Recipe for Success is a 12-week program designed to provide the skills and resources to scale up an entrepreneurial business plan. Participants will learn everything from recipe testing and food safety to styling and marketing.
“Essentially, it’s boot camp for food entrepreneurs,” said Executive Director Melissa Tran.
Part of the grant will go towards purchasing a new walk-in refrigerator and freezer, an industrial mixer with attachments, a label applicator for jarring and canning, and a date coder.
The funding comes through the province’s Agricultural Workforce Equity and Diversity Initiative, designed to assist underrepresented groups with starting an agri-food businesses.
The Food Hub qualified to have 85 percent of the funding, $97,750, as a grant. $10,000 will come from the municipality and the rest via fundraising by the Hub.
The catch is that the grant is designed as a reimbursement for program spending, and the County Food Hub doesn’t have the money to float the upfront costs. To ease the burden, Council approved a $40,000 loan to cover up-front expenses, to be repaid by the end of 2026.
—Melissa Tran
The new 12-week incubator will be “boot camp for food entrepreneurs.”
“This is how economic development works. This is how partnerships and communities work,” said Councillor Phil St-Jean.

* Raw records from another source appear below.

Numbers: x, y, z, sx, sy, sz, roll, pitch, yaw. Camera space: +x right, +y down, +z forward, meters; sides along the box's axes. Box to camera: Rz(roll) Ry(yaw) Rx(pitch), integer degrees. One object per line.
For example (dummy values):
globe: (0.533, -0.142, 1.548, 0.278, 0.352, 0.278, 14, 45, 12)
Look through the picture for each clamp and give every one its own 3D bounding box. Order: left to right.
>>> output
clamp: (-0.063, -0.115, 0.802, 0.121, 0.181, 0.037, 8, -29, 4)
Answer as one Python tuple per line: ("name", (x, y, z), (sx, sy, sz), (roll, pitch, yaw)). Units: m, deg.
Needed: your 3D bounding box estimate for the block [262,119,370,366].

“This is a very innovative and exciting next step,” Councillor Bill Roberts said in a written statement. “We created the County Food Hub to both save a valuable rural public school and help mitigate, or eliminate, rising food insecurity in our community.”
The non-profit began as an innovative way to use surplus space at Sophiasburgh Elementary School, which was slated to close its doors in 2020.

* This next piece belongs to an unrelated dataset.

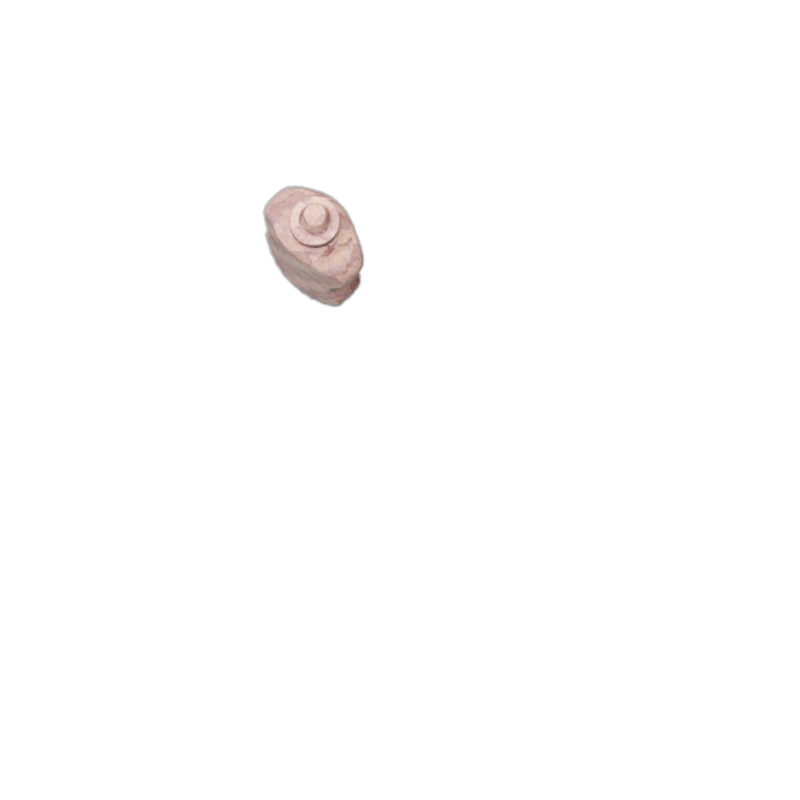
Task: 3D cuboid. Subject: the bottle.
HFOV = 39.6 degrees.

Sharing a roof with the school, the Hub rents its commercial kitchen space to caterers, food producers, and food security groups. The doors are open to everyone. It also uses the space to expand its community reach, offering cooking classes and hosting community dinners.
Last September, the County’s Economic Development Officer, Karen Palmer, conducted several consultations with people who have used the kitchen or may do so in the future, as well as local farmers, to understand how best to serve the County’s food producers.
“At the end of the day we’ll have some new equipment there that will make the manufacturing process more efficient and a twelve-week incubator program that will let entrepreneurs get a start, which has been a missing ingredient,” she said.